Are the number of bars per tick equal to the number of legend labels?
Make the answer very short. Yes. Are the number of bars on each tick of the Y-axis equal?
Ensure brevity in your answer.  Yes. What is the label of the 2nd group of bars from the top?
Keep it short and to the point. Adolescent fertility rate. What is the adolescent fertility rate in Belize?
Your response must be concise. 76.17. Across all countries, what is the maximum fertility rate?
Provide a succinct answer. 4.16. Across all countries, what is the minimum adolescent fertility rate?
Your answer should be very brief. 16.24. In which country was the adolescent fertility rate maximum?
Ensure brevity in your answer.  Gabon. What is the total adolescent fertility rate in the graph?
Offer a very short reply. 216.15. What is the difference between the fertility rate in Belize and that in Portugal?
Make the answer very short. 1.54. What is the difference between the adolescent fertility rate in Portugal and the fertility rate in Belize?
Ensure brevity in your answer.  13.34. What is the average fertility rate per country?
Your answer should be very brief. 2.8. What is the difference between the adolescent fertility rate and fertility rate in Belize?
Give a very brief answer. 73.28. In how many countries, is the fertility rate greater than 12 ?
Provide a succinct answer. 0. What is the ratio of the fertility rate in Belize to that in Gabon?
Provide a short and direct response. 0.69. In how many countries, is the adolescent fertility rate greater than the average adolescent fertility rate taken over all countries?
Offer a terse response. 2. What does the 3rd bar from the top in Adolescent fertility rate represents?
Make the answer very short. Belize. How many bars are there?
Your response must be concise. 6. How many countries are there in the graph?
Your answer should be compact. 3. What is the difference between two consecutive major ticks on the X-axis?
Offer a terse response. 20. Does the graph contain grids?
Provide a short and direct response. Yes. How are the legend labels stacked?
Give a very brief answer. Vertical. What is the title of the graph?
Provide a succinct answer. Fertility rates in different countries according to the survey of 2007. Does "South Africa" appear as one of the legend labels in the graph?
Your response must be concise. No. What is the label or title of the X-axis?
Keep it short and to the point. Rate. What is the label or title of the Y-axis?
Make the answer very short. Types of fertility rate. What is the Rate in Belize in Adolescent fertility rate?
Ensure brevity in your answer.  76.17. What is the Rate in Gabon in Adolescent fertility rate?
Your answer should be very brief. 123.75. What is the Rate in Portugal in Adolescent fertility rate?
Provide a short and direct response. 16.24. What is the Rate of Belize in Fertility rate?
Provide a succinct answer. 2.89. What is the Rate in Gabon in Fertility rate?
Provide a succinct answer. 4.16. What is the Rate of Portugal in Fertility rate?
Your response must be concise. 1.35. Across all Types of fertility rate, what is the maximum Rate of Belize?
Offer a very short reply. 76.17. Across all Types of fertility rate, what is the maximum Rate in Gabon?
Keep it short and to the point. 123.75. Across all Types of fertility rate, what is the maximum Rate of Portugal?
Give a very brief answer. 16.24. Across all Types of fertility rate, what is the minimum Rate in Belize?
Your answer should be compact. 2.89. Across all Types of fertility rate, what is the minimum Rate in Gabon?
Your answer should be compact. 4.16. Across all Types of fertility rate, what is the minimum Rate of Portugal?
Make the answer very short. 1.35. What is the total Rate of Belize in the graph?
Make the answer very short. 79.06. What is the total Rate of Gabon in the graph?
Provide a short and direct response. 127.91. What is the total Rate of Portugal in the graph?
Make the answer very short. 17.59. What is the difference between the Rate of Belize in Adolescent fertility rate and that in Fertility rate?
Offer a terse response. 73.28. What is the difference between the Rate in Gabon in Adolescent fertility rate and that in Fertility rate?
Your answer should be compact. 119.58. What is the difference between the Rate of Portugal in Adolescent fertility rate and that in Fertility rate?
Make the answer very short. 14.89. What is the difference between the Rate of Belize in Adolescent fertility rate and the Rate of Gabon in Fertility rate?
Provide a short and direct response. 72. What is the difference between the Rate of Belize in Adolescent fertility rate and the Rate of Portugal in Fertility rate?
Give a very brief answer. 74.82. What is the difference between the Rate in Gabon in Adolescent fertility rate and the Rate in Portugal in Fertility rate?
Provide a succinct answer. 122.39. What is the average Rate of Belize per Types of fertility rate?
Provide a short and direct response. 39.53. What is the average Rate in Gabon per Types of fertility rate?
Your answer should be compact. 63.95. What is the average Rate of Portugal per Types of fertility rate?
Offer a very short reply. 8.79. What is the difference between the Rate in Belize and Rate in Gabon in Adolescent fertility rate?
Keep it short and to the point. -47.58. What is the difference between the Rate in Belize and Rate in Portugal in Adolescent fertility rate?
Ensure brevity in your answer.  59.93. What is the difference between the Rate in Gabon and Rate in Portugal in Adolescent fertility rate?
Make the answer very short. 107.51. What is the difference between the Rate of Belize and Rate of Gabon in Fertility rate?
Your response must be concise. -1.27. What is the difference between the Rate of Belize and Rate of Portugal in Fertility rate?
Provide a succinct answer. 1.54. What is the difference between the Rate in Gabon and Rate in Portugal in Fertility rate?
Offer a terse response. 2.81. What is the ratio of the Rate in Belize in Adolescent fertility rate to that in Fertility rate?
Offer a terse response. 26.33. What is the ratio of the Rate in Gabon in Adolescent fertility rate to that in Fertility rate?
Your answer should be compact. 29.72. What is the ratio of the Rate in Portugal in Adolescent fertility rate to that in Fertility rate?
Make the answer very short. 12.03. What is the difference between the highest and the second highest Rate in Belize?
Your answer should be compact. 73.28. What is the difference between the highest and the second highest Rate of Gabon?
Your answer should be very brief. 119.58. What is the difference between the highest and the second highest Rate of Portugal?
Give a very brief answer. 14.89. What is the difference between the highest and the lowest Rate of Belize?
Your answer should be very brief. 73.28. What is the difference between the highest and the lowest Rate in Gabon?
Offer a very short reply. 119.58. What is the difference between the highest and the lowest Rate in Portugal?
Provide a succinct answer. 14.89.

▸ What the task asks
Repeat, exactly and only, the lines from the beginning of the material through the line that contains "from the top?".

▸ The completed task
Are the number of bars per tick equal to the number of legend labels?
Make the answer very short. Yes. Are the number of bars on each tick of the Y-axis equal?
Ensure brevity in your answer.  Yes. What is the label of the 2nd group of bars from the top?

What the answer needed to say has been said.